Он меня услышал: я стал работать все чаще, а чуть позже они наняли Луиса Бакалова, и долгое время мы с ним делили работу: заказы и исполнителей распределяли между нами, других аранжировщиков не было. Благодаря удивительной интуиции и работе таких сотрудников, как Эннио Мелис, Джузеппе Орнато, Микоччи, и других, RCA хорошо развивалась. Она быстро вышла из стадии кризиса и застоя.
– С кем из исполнителей тебе приходилось работать в то время?
– С очень многими. Помимо Мартино я работал с Моранди, Вианелло, Паоли… Модуньо, и другими.
– Какая из твоих композиций, сделанных в эти годы, продавалась лучше всего?
– У меня была целая серия таких композиций.

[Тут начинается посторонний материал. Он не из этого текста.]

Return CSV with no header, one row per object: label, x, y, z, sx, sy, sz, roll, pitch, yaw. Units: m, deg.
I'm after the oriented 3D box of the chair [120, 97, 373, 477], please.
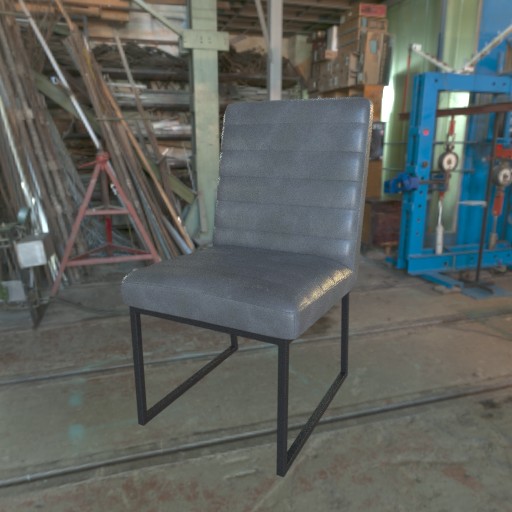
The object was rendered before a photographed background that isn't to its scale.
chair,0.000,0.000,1.329,0.520,0.930,0.634,7,16,26

RCA удалось возродиться после того, как она едва не разорилась. Хорошо шли композиции «Банка», «Пуловер», «Я работаю»… Но, кажется, самой известной была «В любое время». Эту песню представили в Сан-Ремо в 1964 году в исполнении Пола Анки. И хотя он не занял первого места, но впервые в Италии пластинка на 45 оборотов вышла тиражом в полтора миллиона экземпляров. А если верить написанному в биографии Пола Анки, по всему миру продали более трех миллионов пластинок! Для того времени это невероятные цифры.
– Чем ты объясняешь такой успех?
– Не все можно объяснить, иногда что-то просто происходит, и все. Однако менеджеры RCA провоцировали меня, говоря, что я не слишком часто использую ударные, что я не уважаю их пожеланий, не следую веяниям моды.
– Так и было?
– Ну да, ударные не слишком меня интересовали. Я всегда полагал, что хорошая аранжировка зависит от сочетаемости инструментов, от того, как они вступают, от тембровой окраски… Но в композиции «В любое время» я решил прислушаться к чужим советам и написал довольно напористую партию для ударных: результат был налицо.

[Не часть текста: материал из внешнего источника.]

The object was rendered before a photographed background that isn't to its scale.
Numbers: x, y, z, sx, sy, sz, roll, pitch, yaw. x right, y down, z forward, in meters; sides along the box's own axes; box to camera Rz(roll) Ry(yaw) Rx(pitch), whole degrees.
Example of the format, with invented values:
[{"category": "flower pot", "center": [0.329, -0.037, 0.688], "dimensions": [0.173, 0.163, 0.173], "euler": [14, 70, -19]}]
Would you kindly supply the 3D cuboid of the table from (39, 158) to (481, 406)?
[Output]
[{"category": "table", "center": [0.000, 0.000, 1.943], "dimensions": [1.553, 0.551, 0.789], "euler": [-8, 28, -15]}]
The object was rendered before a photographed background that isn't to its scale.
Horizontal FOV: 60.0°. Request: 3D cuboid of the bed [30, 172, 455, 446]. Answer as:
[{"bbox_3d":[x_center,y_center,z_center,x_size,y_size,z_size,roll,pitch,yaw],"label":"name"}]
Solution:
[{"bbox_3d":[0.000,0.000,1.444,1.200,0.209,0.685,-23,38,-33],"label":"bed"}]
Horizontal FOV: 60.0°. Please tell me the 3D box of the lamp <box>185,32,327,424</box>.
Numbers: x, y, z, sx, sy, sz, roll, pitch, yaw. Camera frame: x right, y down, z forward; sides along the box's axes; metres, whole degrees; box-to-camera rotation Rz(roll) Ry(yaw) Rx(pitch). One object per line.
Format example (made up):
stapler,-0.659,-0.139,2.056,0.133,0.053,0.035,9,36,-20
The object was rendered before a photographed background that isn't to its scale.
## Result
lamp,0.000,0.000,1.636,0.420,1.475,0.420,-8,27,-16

– Еще одной сенсацией оказалась песня, которую ты сделал для Мины в 1966 году – «Если бы позвонив». Как ты к ней пришел?
– Со мной связались Маурицио Костанцо и Гиго Де Кьяра из RAI и попросили написать песню и переделать ее для передачи «Aria Condizionata» – новой программы, которую они вели вместе с Серджо Бернардини. Поначалу они не сказали, кто будет ее исполнять, а потом вдруг кто-то вдруг проговорился: Мина. Я подумал, что лучше и быть не может, и тут же согласился. Я еще ни разу с ней не работал, но уже тогда Мина была очень известна и я очень ее уважал. Я написал музыку, а Костанцо и Де Кьяра сразу взялись за текст.